This week I left my job suing the government to join the Cato Institute as Director of the Center for Constitutional Studies. The reactions have been overwhelmingly positive and I’m thrilled to return to an organization I’ve long respected. Many are now asking why I chose to leave what I still describe as a dream job.

Some of my responses are conventional: I had been a civil rights attorney for ten years. Change is good. Litigation is all-consuming. And at some point, people seek new challenges. But I also came to believe I could be a more effective advocate for liberty if I worked outside of the courts. Here’s why.

For a variety of reasons that I’ll leave to future writings, courts have become a poor ally to civil rights litigants. A thicket of jurisdictional traps, immunity doctrines, standing rules, and other procedural hurdles often weed out even the most deserving civil rights plaintiffs from court. When a plaintiff is lucky enough to surmount these pitfalls and get a judge to weigh in on the merits of their claims, a fundamental misunderstanding of the role of the judiciary has led judges to defer excessively to policymakers—the very people they’re supposed to protect our rights against.

This all takes place in the name of “democracy.” Unelected and unaccountable men and women in robes, we are told, should not thwart the will of the people. But the Framers established liberty, not democracy, as the guiding principle of our Constitution. They recognized that, as Benjamin Franklin quipped, democracy is two wolves and a lamb voting on what’s for lunch. They therefore designed the judiciary as a counter-majoritarian bulwark against democratic excess.

So while it’s popular nowadays to say the Supreme Court wields too much power, even at its peak the judiciary is “the least dangerous” branch. It can’t make new laws. It can’t even enforce its own orders. Its only weapon is a defensive one: the power of judgment. It’s not the judiciary that’s regulating small bookstores out of business to protect the financial interests of Mark Hamill, or keeping special needs kids from getting care for its own bureaucratic convenience, or taking hundreds of thousands of dollars in home equity as punishment for the failure to pay $8 in taxes, or imposing massive fines for doing innocuous things like working on your car in your own driveway. It’s the democratic branch that is constantly “extending the sphere of its activity,” sucking all power “into its impetuous vortex,” and regulating everything from the demographic composition of corporate boards down to the graphics on a can of craft beer. The judiciary only has the power to undo those rights-violations.

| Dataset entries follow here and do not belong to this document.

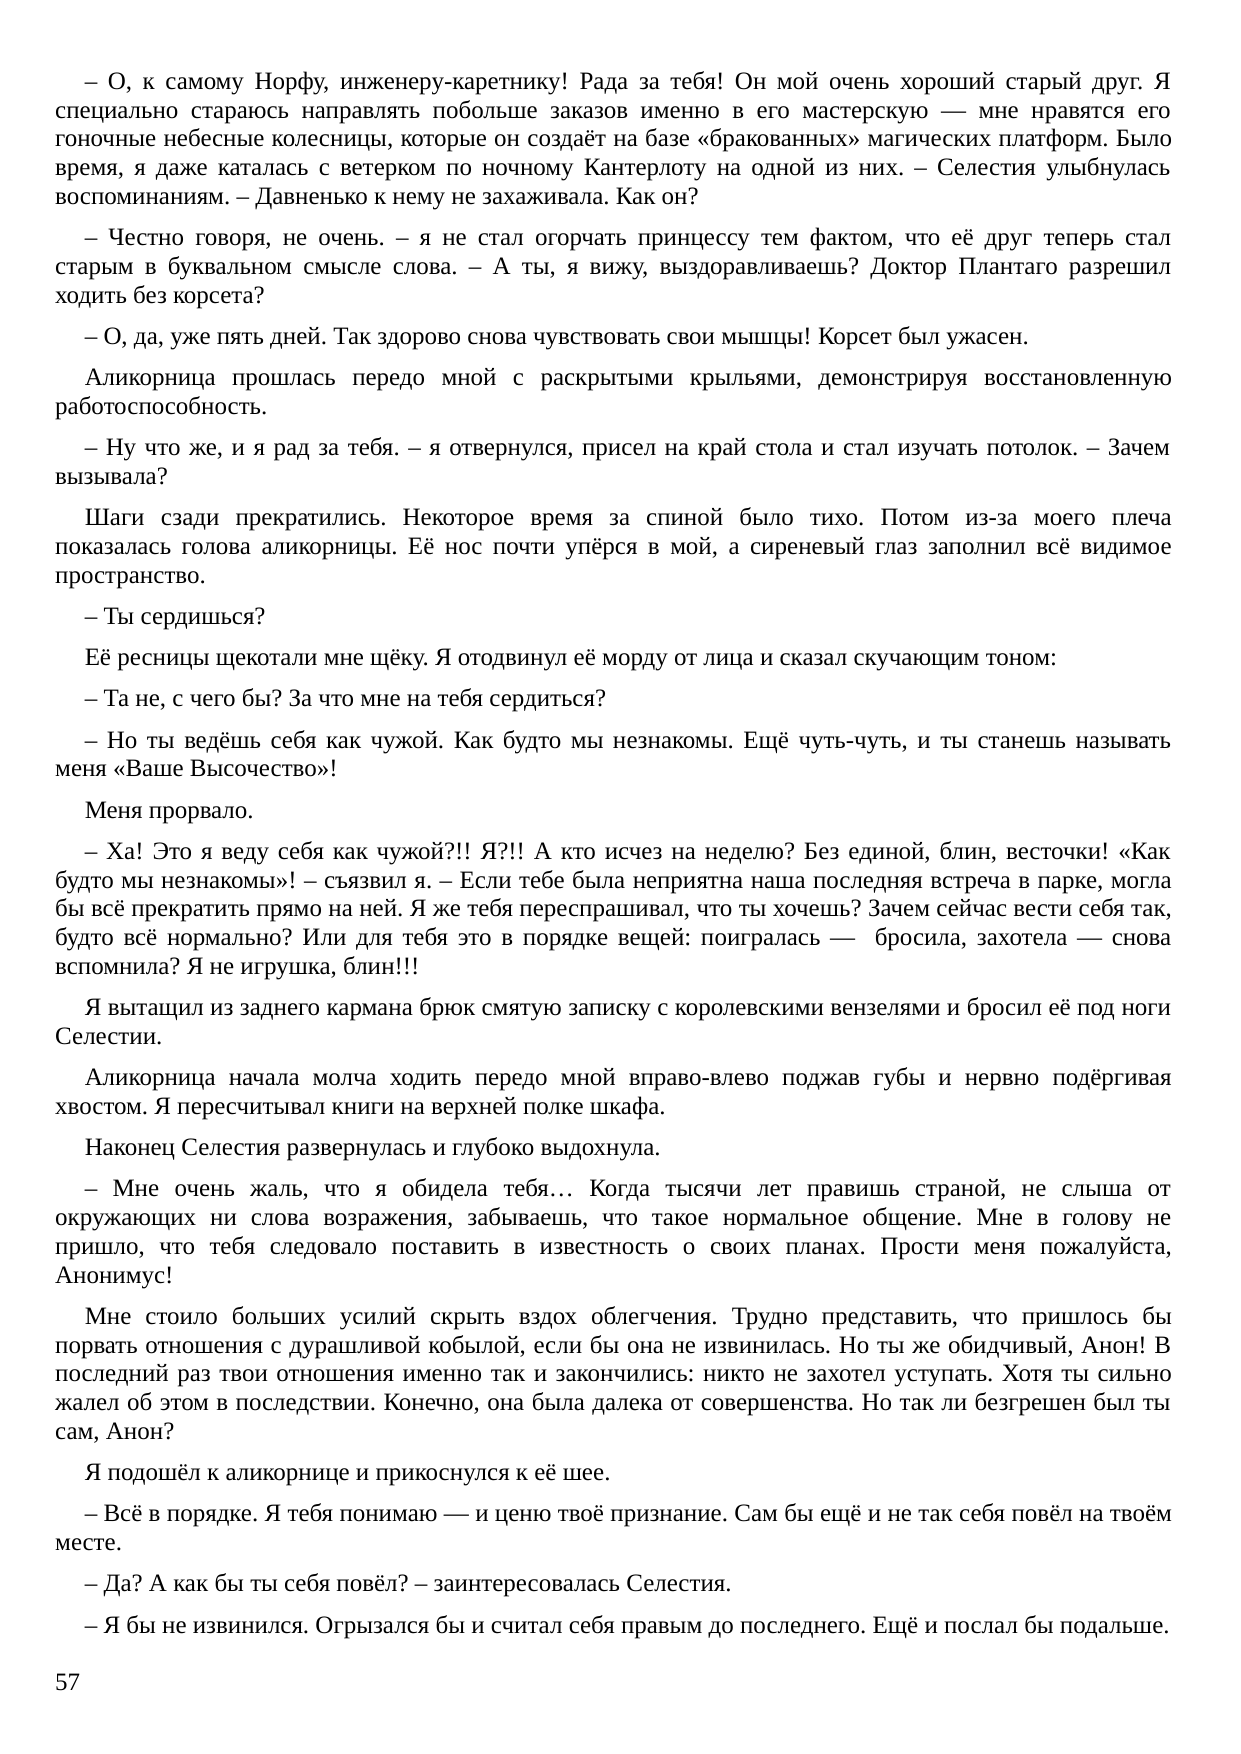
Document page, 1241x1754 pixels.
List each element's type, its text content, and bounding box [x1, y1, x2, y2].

text Шаги сзади прекратились. Некоторое время за спиной было тихо. Потом из-за моего плеча показалась голова аликорницы. Её нос почти упёрся в мой, а сиреневый глаз заполнил всё видимое пространство. [55, 502, 1173, 588]
text – Ха! Это я веду себя как чужой?!! Я?!! А кто исчез на неделю? Без единой, блин, весточки! «Как будто мы незнакомы»! – съязвил я. – Если тебе была неприятна наша последняя встреча в парке, могла бы всё прекратить прямо на ней. Я же тебя переспрашивал, что ты хочешь? Зачем сейчас вести себя так, будто всё нормально? Или для тебя это в порядке вещей: поигралась — бросила, захотела — снова вспомнила? Я не игрушка, блин!!! [55, 836, 1173, 980]
text – Да? А как бы ты себя повёл? – заинтересовалась Селестия. [55, 1568, 1173, 1597]
text – Я бы не извинился. Огрызался бы и считал себя правым до последнего. Ещё и послал бы подальше. [55, 1610, 1173, 1638]
text Мне стоило больших усилий скрыть вздох облегчения. Трудно представить, что пришлось бы порвать отношения с дурашливой кобылой, если бы она не извинилась. Но ты же обидчивый, Анон! В последний раз твои отношения именно так и закончились: никто не захотел уступать. Хотя ты сильно жалел об этом в последствии. Конечно, она была далека от совершенства. Но так ли безгрешен был ты сам, Анон? [55, 1301, 1173, 1445]
text Наконец Селестия развернулась и глубоко выдохнула. [55, 1132, 1173, 1161]
text – Честно говоря, не очень. – я не стал огорчать принцессу тем фактом, что её друг теперь стал старым в буквальном смысле слова. – А ты, я вижу, выздоравливаешь? Доктор Плантаго разрешил ходить без корсета? [55, 222, 1173, 308]
text Я подошёл к аликорнице и прикоснулся к её шее. [55, 1457, 1173, 1486]
text – Ты сердишься? [55, 601, 1173, 630]
text – Мне очень жаль, что я обидела тебя… Когда тысячи лет правишь страной, не слыша от окружающих ни слова возражения, забываешь, что такое нормальное общение. Мне в голову не пришло, что тебя следовало поставить в известность о своих планах. Прости меня пожалуйста, Анонимус! [55, 1173, 1173, 1288]
text – Всё в порядке. Я тебя понимаю — и ценю твоё признание. Сам бы ещё и не так себя повёл на твоём месте. [55, 1498, 1173, 1556]
text – Та не, с чего бы? За что мне на тебя сердиться? [55, 683, 1173, 712]
text – Но ты ведёшь себя как чужой. Как будто мы незнакомы. Ещё чуть-чуть, и ты станешь называть меня «Ваше Высочество»! [55, 725, 1173, 782]
text Её ресницы щекотали мне щёку. Я отодвинул её морду от лица и сказал скучающим тоном: [55, 642, 1173, 671]
text Аликорница начала молча ходить передо мной вправо-влево поджав губы и нервно подёргивая хвостом. Я пересчитывал книги на верхней полке шкафа. [55, 1062, 1173, 1120]
text Я вытащил из заднего кармана брюк смятую записку с королевскими вензелями и бросил её под ноги Селестии. [55, 992, 1173, 1050]
text Меня прорвало. [55, 795, 1173, 823]
text Аликорница прошлась передо мной с раскрытыми крыльями, демонстрируя восстановленную работоспособность. [55, 362, 1173, 420]
text – О, к самому Норфу, инженеру-каретнику! Рада за тебя! Он мой очень хороший старый друг. Я специально стараюсь направлять побольше заказов именно в его мастерскую — мне нравятся его гоночные небесные колесницы, которые он создаёт на базе «бракованных» магических платформ. Было время, я даже каталась с ветерком по ночному Кантерлоту на одной из них. – Селестия улыбнулась воспоминаниям. – Давненько к нему не захаживала. Как он? [55, 66, 1173, 210]
text – Ну что же, и я рад за тебя. – я отвернулся, присел на край стола и стал изучать потолок. – Зачем вызывала? [55, 432, 1173, 490]
text – О, да, уже пять дней. Так здорово снова чувствовать свои мышцы! Корсет был ужасен. [55, 321, 1173, 350]

But all too frequently, it doesn’t. Because democracy. Or because many judges view some rights as less deserving of protection than others. Or because the would-be plaintiff committed some obscure misstep in the kabuki-theater ritual of modern civil rights litigation. Or perhaps simply because a vast amount of judges are former government lawyers and still see the world through that lens.

Whatever the reason, that was my experience. And I decided that if civil rights plaintiffs were having so much difficulty finding a remedy in the courts after their rights were violated, maybe I was better equipped to help stop these abuses from happening in the first place.

So, how to do that? I’ve concluded that we must 1) describe the ideals animating our Constitution in a way that makes people want to defend them, and 2) get the judiciary back into the habit of judging. Both tasks require advocacy outside of the courts. Those of us who believe that the Constitution is a fundamentally libertarian document must not only convince people that it says what we believe it means, but also that its meaning is worth following.

And it is. Liberty allows people to exercise their ingenuity, to make world-changing innovations, to put food on the table by working in the profession of their choice, and to order their lives in the way that suits their own, unique needs. It allows a man with an eighth-grade education to build a small family business in Ohio so he can keep his kids and grandbabies close to home. It allows an accordionist in Houston to bring joy to passersby while earning a little extra cash for himself. It allows a woman with few means and little skills to earn money arranging flowers in a local grocery store. It allows people to escape the circumstances of their birth. There’s a reason the libertarian ideals of freedom and equality have been the rallying cry of civil rights leaders throughout history. When we erase these liberties from the Constitution—or at least subject them to a laughably low level of judicial protection—we rip the pursuit of happiness away, often from the people who need opportunity most.

In short, we have to, as Ruth Bader Ginsburg said, “fight for the things [we] care about” in a way that will “lead others to join,”­—the public, legislators, and judges included. And that’s what I intend to do in my new role at Cato.